Southwestern Baptist Theological Seminary in Fort Worth, Texas, announced Dec. 16 that it will be cutting its budget by approximately 10 percent, or $3.5 million to $4 million. Among reductions being made to the budget are “temporary suspension of many overseas travel programs and adjustments to campus facilities.” SWBTS President Paige Patterson was quoted in a seminary news release as saying, “The administration is doing the best it can to find ways to cut spending that do not involve the release of existing faculty or the students employed by the school.” The news release then stated that Patterson “went on to say that current economic trends would make this goal difficult to achieve.”

On Dec. 10, Woman’s Missionary Union announced it was enacting measures to reduce its 2009 budget by $1.4 million. Some of those steps included reducing team expense budgets in areas such as travel, projects and activities; implementing four weeks unpaid furlough for each staff member between January and August 2009; a hiring freeze on vacant positions; reducing employer contributions to retirement plans; freezing merit pay increases; and eliminating incentive bonuses in 2009. The organization’s revised budget for 2009 is $9.6 million.

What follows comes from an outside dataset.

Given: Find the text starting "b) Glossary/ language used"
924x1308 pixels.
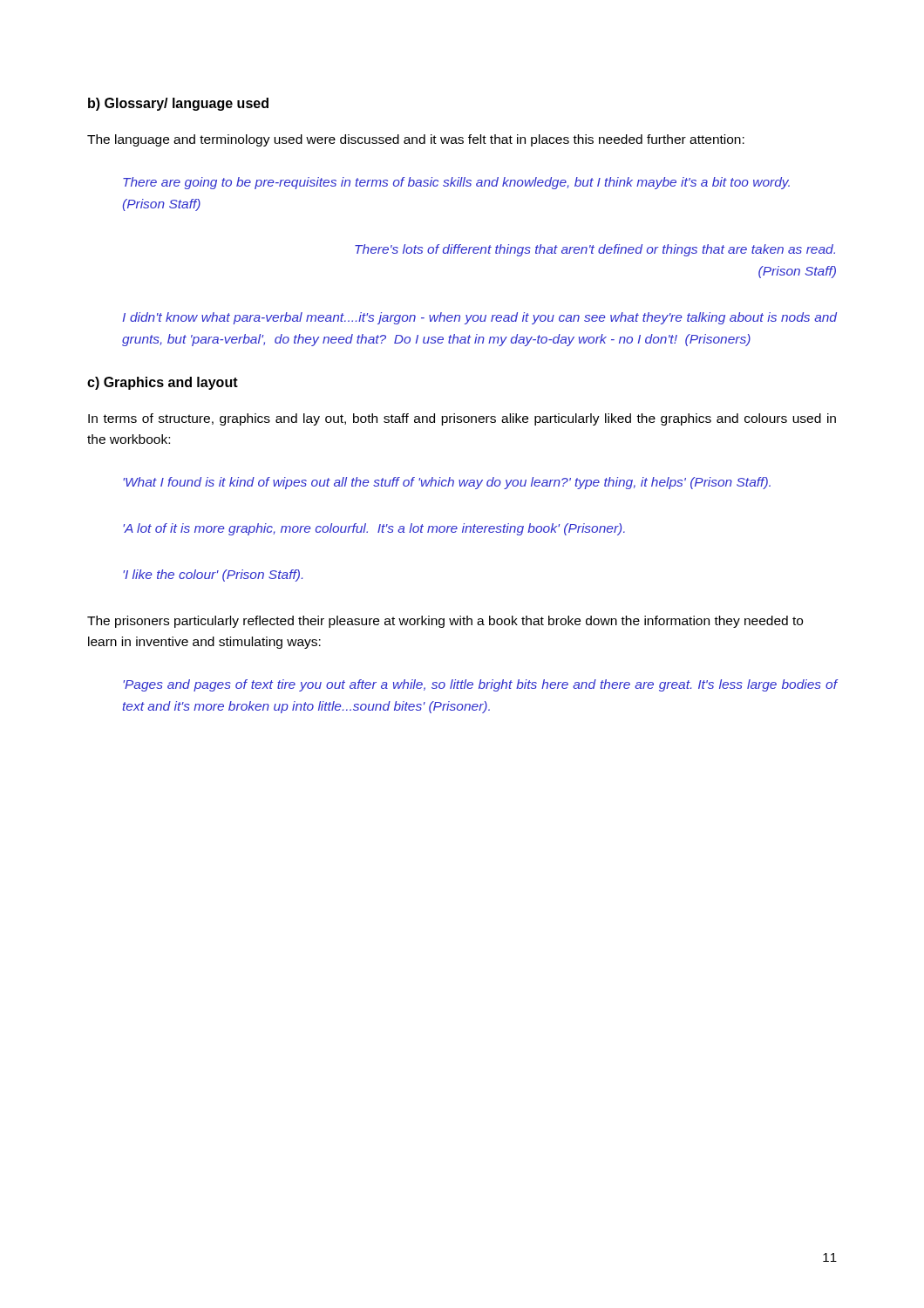Looking at the screenshot, I should [178, 103].
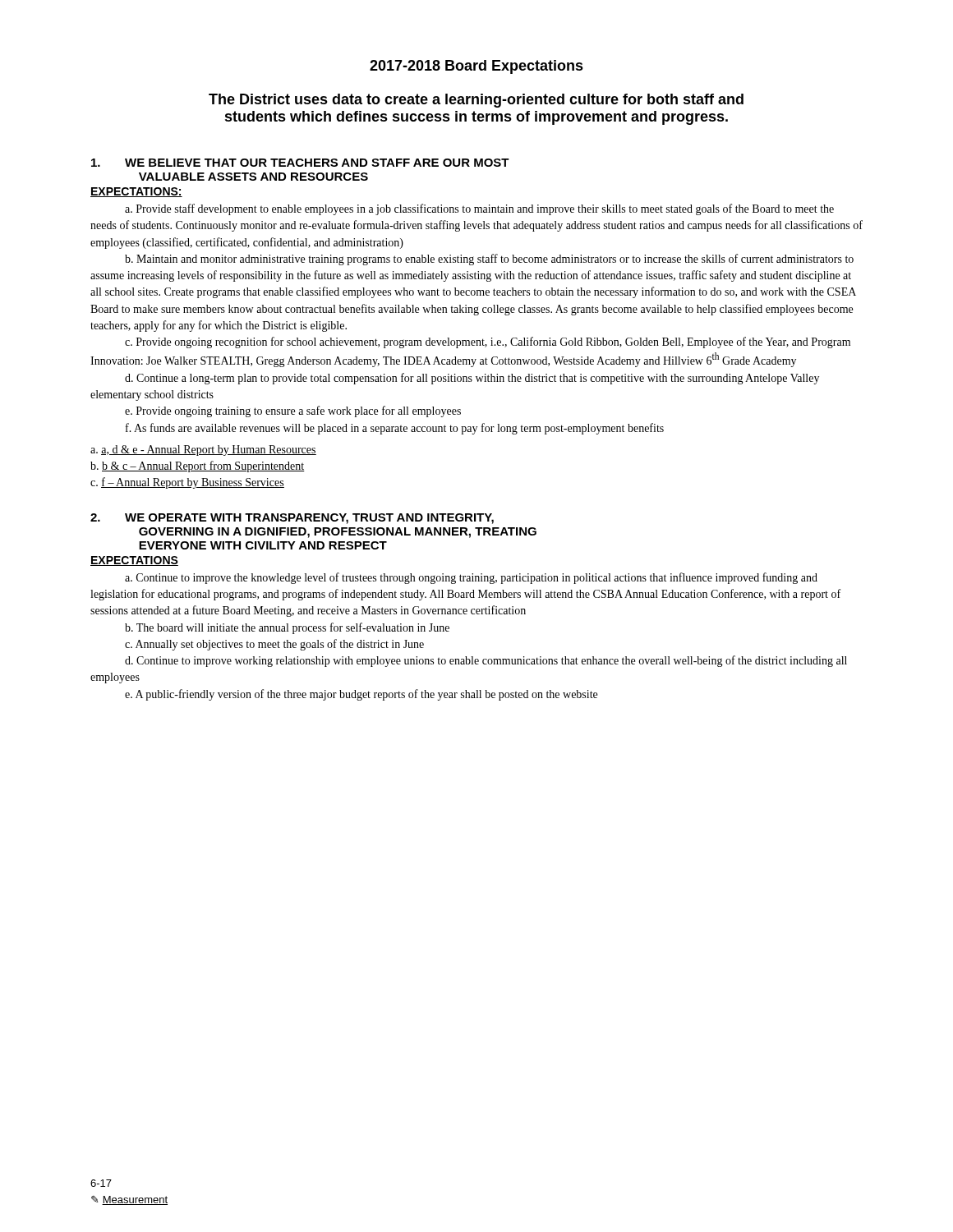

On Aug. 1 of last year, LifeWay Christian Resources President Thom S. Rainer told employees the ministry was reducing its workforce by 5 percent and cutting expenses throughout the organization. He cited the pinch of economic tough times leading to lower discretionary spending by consumers, resulting in lower-than-projected revenues for LifeWay, which receives no Cooperative Program support and is completely funded through the sale of its resources. Those whose jobs were deleted received severance pay, some benefits and outplacement services. In addition, a number of employees were able to take advantage of retirement benefits.
Compiled by Baptist Press editor Art Toalston.